Hesychasm (Greek: ἡσυχασμός, contemporary Byzantine Greek pronunciation: [isixaˈzmos], from ἡσυχία Greek pronunciation: [isiˈçia], esychía, "stillness, rest, quiet, silence") is a mystical tradition of prayer in the Eastern Orthodox Church (Gk: ἡσυχάζω Greek pronunciation: [isiˈxazo]: "to keep stillness") by the Hesychast (Gr. Ἡσυχαστής Greek pronunciation: [isixaˈstis]).
Based on Christ's injunction in the Gospel of Matthew that "when thou prayest, enter into thy closet, and when thou hast shut thy door, pray", hesychasm in tradition has been the process of retiring inward by ceasing to register the senses, in order to achieve an experiential knowledge of God (see theoria).
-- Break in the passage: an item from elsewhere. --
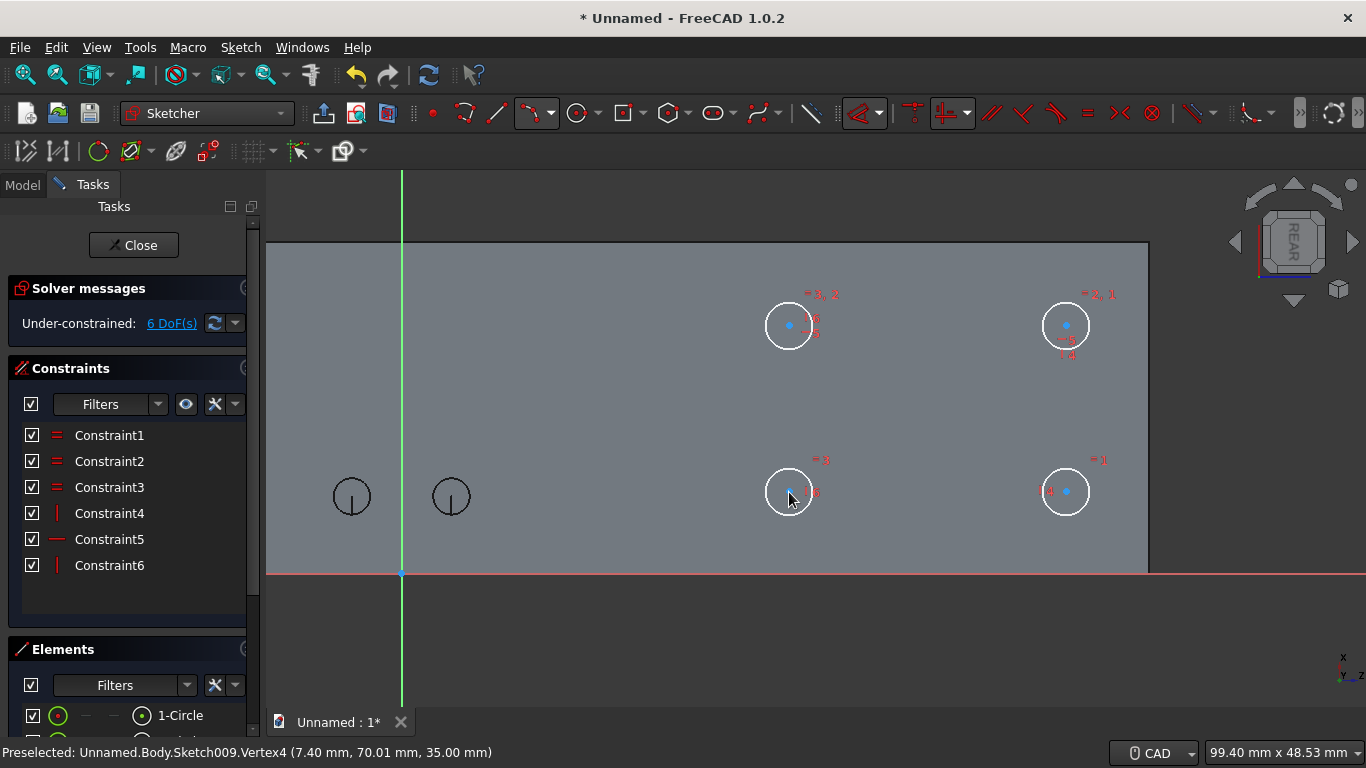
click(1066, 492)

Metropolitan Kallistos Ware, a distinguished scholar of Orthodox theology, distinguishes five distinct meanings of the term "hesychasm":
The origin of the term hesychasmos, and of the related terms hesychastes, hesychia and hesychazo, is not entirely certain. According to the entries in Lampe's A Patristic Greek Lexicon, the basic terms hesychia and hesychazo appear as early as the 4th century in such fathers as St John Chrysostom and the Cappadocians. The terms also appear in the same period in Evagrius Pontikos (c. 345 – 399), who although he is writing in Egypt is out of the circle of the Cappadocians, and in the Sayings of the Desert Fathers.